Светлый фон

Каждый из нас пытался найти камень или какой-нибудь другой твердый и увесистый предмет, чтобы с его помощью окончательно добить противника.

Через несколько минут, когда мы уже достаточно наглотались соленой воды и песка, а Теда Нэша стала обременять промокшая одежда, я начал одерживать верх. А все благодаря Йемену, где мне удалось обрести отличную физическую форму. Теперь я мог его утопить, если бы захотел. Он тоже это понял и неожиданно прекратил сопротивление. Некоторое время мы молча смотрели друг на друга; при этом наши лица разделял всего какой-то фут. Потом Тед пробормотал:

— Ладно, оставим это на время…

Он выпустил из рук свой «глок», проплыл несколько ярдов до берега и выбрался на сушу, отряхиваясь и отплевывая морскую воду. В этот момент он напоминал мокрую собаку. Мокасины он потерял и с головы до ног был покрыт мокрым песком.

Я выбрался на берег и остановился в пяти футах от Нэша, глядя на него и тяжело дыша. Подбородок в том месте, где его коснулся кулак Нэша, щипало от морской воды, промежность от удара коленом сильно болела, а голова, которой я пытался его таранить, просто раскалывалась.
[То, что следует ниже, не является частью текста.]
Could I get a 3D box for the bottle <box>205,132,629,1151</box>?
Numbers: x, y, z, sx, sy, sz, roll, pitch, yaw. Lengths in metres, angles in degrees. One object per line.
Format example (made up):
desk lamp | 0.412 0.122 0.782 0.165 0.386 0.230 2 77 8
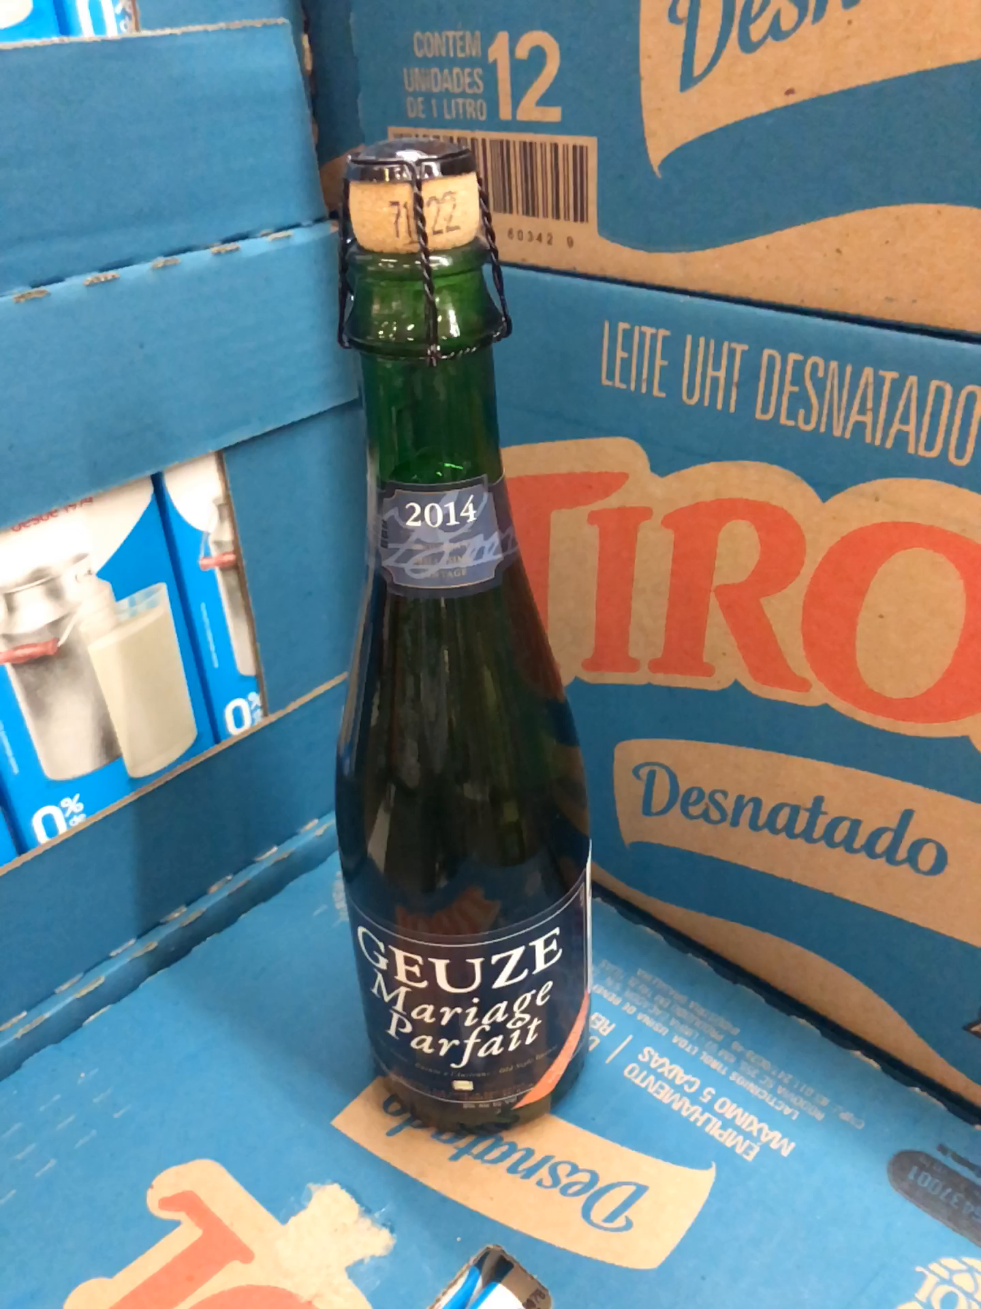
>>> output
bottle | -0.008 0.016 0.273 0.070 0.258 0.060 0 32 2

Но в остальном я чувствовал себя великолепно.

Нэшу, чтобы прийти в себя, понадобилось несколько минут — согнувшись в три погибели, он извергал из себя морскую воду. Когда он наконец поднялся на ноги, я заметил, что из носа у него идет кровь.

— Задница, — сказал он, поздравив меня таким образом с победой.

— Не ругайся, Тед. Проигрывать тоже надо уметь. Разве этому не учат в колледжах Лиги плюща?

— Чтоб тебя черти взяли, — сказал Нэш, вытер рукавом окровавленный нос и повторил свое излюбленное ругательство: — Задница.

— Похоже, все-таки не учили, — сказал я, вынул из «глока» магазин, сунул его в карман и оттянул затвор. Оказалось, что патрон уже находился в стволе, но Нэш, когда мы сражались за обладание пушкой, этим не воспользовался и на курок не нажал. Я извлек патрон, а пистолет сунул за пояс шорт.

Тед заявил:

— Я мог бы разнести тебе череп по меньшей мере раз шесть.

— Полагаю, хватило бы и одного, — ответил я.

Удивительное дело: при этих словах Нэш рассмеялся; потом, правда, снова закашлялся, а откашлявшись и вытерев глаза, сказал:

— Верни мне пушку.

— Подойди и возьми сам.

Он подошел ко мне и протянул руку, которую я пожал, заметив:

— Неплохая была потасовка.

Он вырвал руку и толкнул меня в грудь.

Сила у него еще оставалась, как и боевой дух, и это вызывало уважение. Но меня его замашки, честно говоря, начали раздражать.